I didn't apply to UCLA, but typically the way this works is that if either the school or the department turns you down, then you're not invited at all.  

The school looks at your academic record and test scores (the statistical garbage) and decides if you meet the overall school requirements.  Then, if you do, your application gets passed on to the specific department (in your case, the film department).  The department then evaluates your application.  

So the way to look at it isn't as two separate applications.  Just one application that has to make it past two parts of the same school.  This is why, when you mail in your application, some of your materials get sent to the admissions office and some get sent directly to the film department.

But not all schools work the same way.  At some schools, the department makes all of the decisions.  The only way to know for sure is to read all of the material on the school website about admissions procedures.  Usually the process is pretty clearly outlined.  

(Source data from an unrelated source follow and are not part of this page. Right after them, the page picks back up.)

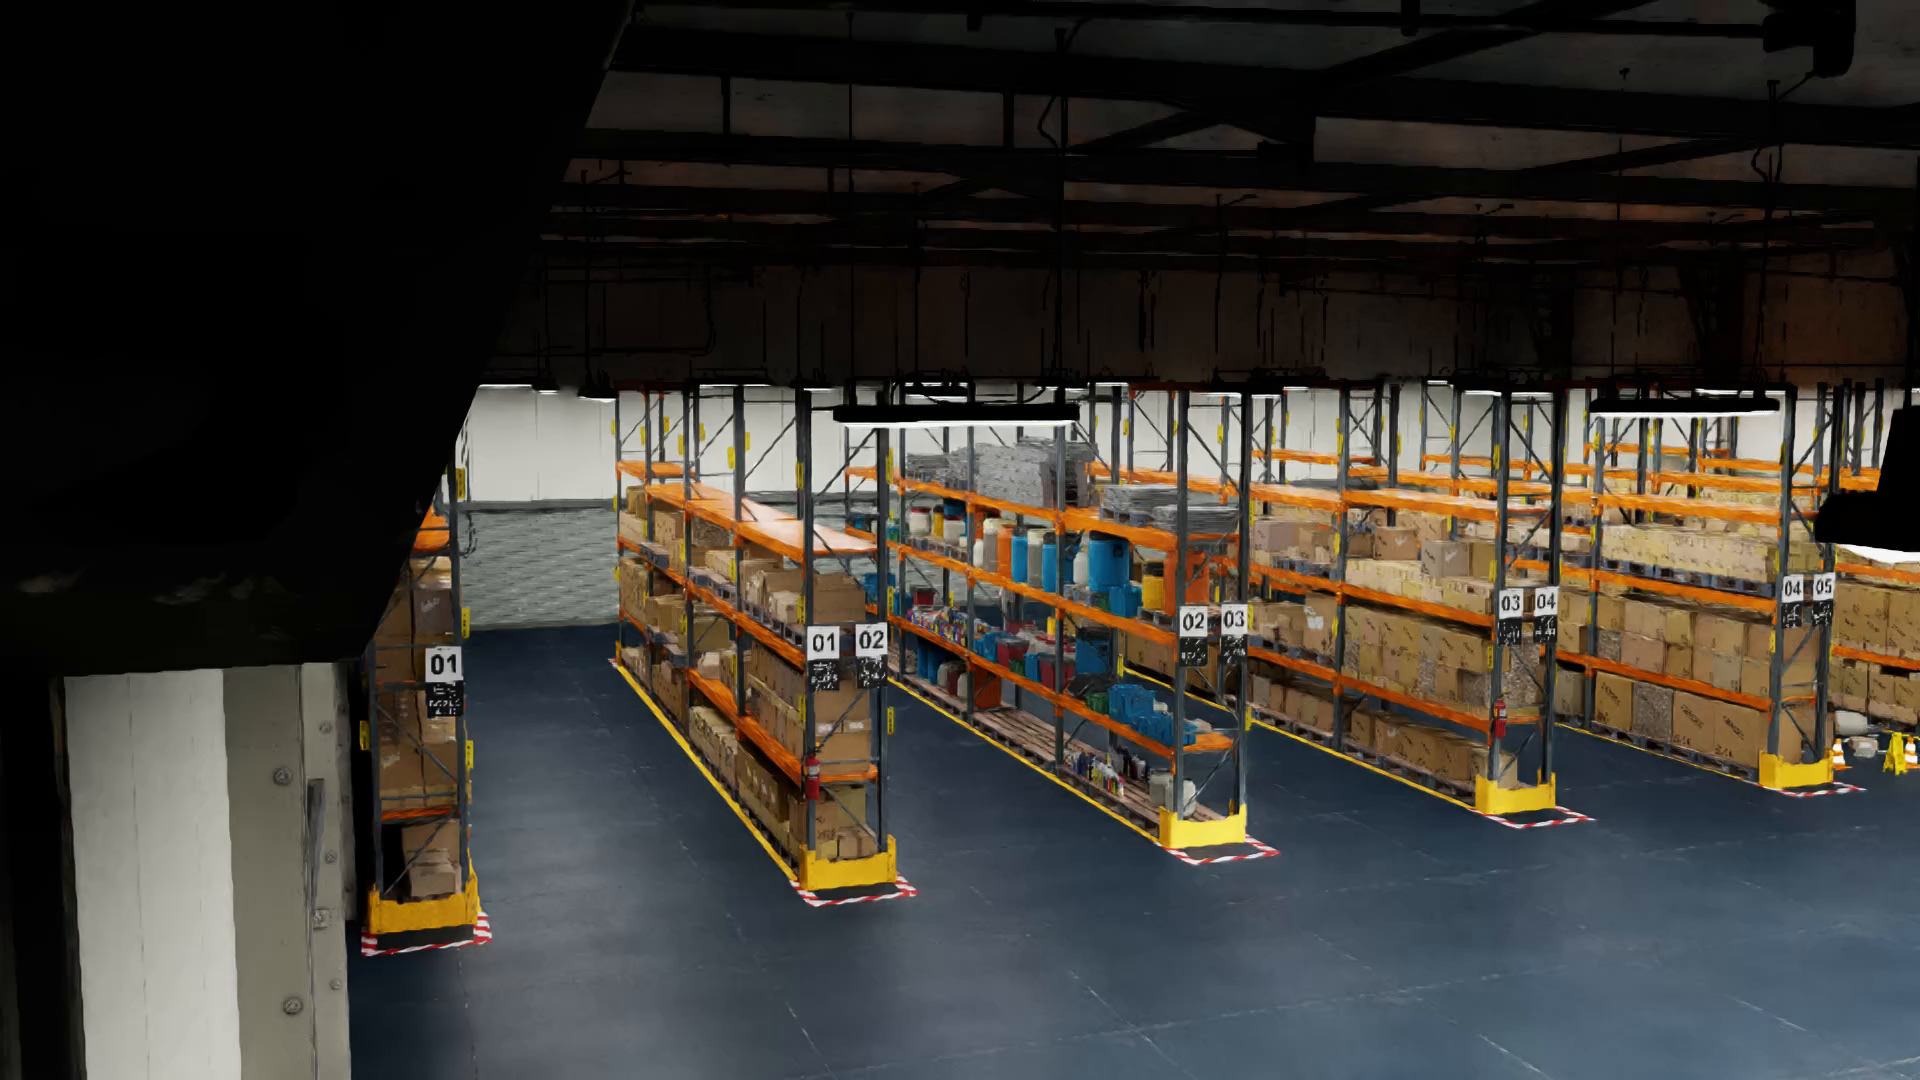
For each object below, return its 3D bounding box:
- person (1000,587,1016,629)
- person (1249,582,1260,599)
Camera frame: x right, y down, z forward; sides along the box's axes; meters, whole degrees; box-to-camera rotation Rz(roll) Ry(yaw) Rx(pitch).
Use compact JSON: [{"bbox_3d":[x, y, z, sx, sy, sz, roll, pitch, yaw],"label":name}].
[{"bbox_3d":[1.152,1.421,39.252,0.408,1.505,0.962,-1,6,-10],"label":"person"},{"bbox_3d":[7.810,0.727,44.741,0.553,1.766,0.622,4,7,36],"label":"person"}]
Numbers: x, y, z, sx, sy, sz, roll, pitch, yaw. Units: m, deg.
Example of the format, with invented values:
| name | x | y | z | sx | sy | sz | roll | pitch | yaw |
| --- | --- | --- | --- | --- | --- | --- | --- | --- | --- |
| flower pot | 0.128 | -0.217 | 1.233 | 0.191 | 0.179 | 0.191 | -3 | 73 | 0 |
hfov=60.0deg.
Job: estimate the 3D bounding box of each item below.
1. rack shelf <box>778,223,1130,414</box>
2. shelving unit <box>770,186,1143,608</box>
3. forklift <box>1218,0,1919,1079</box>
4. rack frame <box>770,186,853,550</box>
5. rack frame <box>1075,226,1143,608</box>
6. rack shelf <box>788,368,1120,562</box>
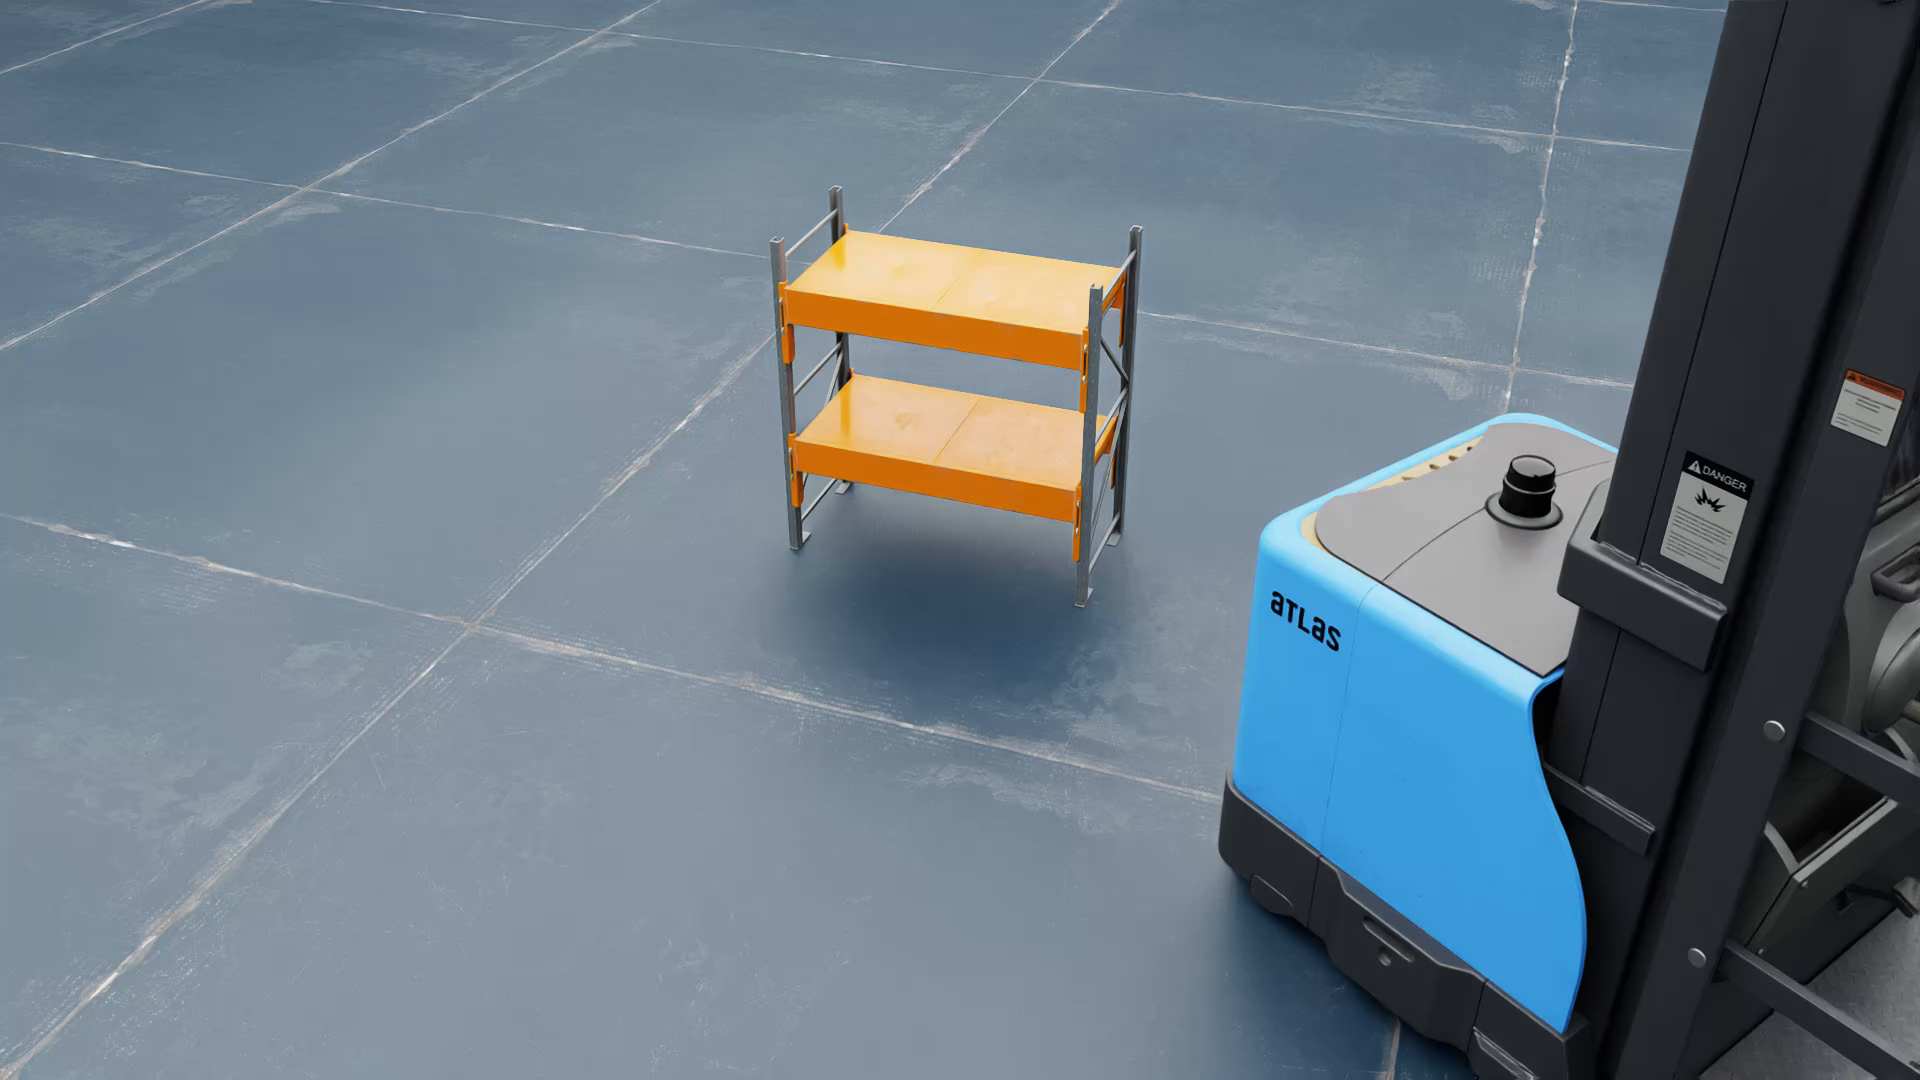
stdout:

Good luck.  Long live Chicago.


----------



## drewbert (Jul 1, 2007)

but cant you not apply to the film school until you are a junior?


----------



## pythondrummer (Jul 9, 2007)

yeah.  i just visited the ucla film school.  This is what its all about.  you can only apply your junior year.  Even if u get into UCLA and get all ur GE courses done your freshman and sophomore year, there is no guarantee that you will be accepted into the film school when you apply your junior year.  Now, Because of this, a lot of people will transfer to UCLA in their junior year to do film.  The Film school does accept 30 students.  15 students from UCLA out of about 50 high caliber students.  And then 15 transfers from other schools out of about 200-250 more mediocre students.

hope this helps out a bit


----------